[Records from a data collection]
····················

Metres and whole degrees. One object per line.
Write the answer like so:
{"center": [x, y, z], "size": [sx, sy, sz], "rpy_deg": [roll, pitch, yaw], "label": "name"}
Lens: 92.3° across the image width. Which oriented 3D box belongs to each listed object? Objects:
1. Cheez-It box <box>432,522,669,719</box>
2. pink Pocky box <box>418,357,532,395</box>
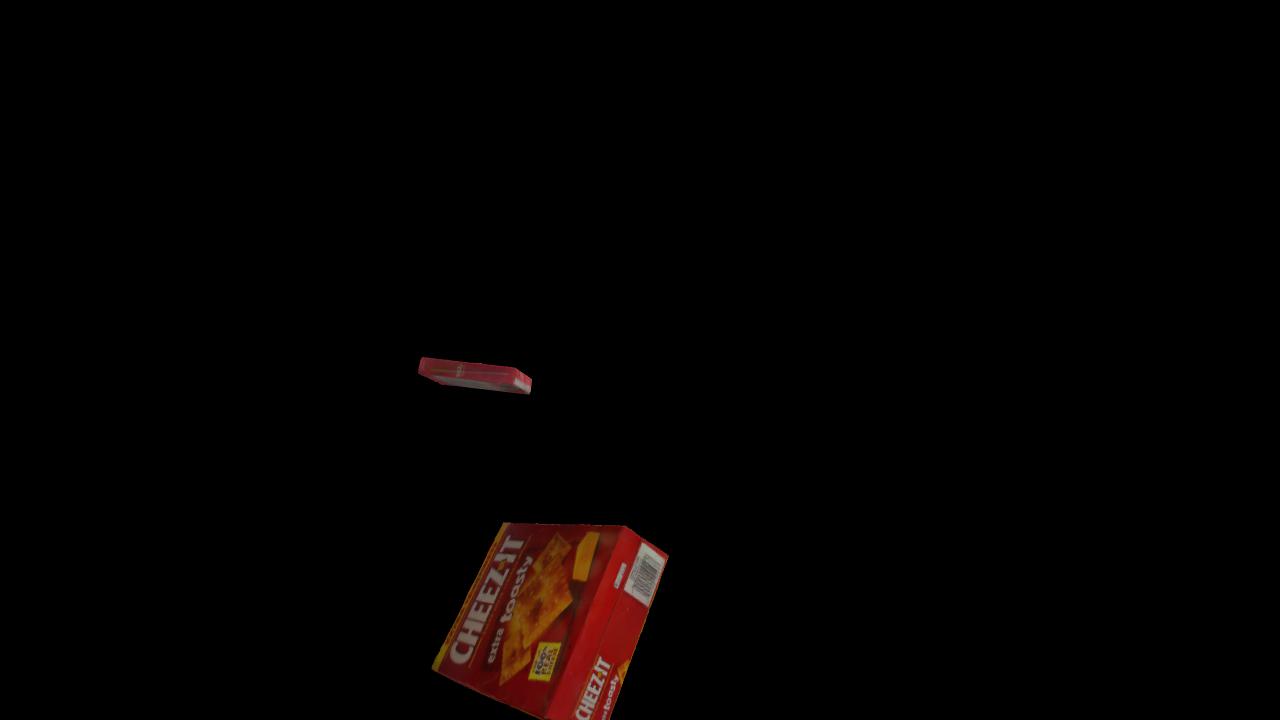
{"center": [-0.093, 0.246, 0.598], "size": [0.071, 0.166, 0.223], "rpy_deg": [42, -35, -26], "label": "Cheez-It box"}
{"center": [-0.253, 0.025, 0.955], "size": [0.155, 0.029, 0.084], "rpy_deg": [6, -13, 9], "label": "pink Pocky box"}

····················

**EXERCISE GOAL**
Could you return all the entries exactly as they appear, minus the pictures?

**SOLUTION TO THE EXERCISE**
Metres and whole degrees. One object per line.
Write the answer like so:
{"center": [x, y, z], "size": [sx, sy, sz], "rpy_deg": [roll, pitch, yaw], "label": "name"}
Lens: 92.3° across the image width. Which oriented 3D box belongs to each listed object? Objects:
1. Cheez-It box <box>432,522,669,719</box>
2. pink Pocky box <box>418,357,532,395</box>
{"center": [-0.093, 0.246, 0.598], "size": [0.071, 0.166, 0.223], "rpy_deg": [42, -35, -26], "label": "Cheez-It box"}
{"center": [-0.253, 0.025, 0.955], "size": [0.155, 0.029, 0.084], "rpy_deg": [6, -13, 9], "label": "pink Pocky box"}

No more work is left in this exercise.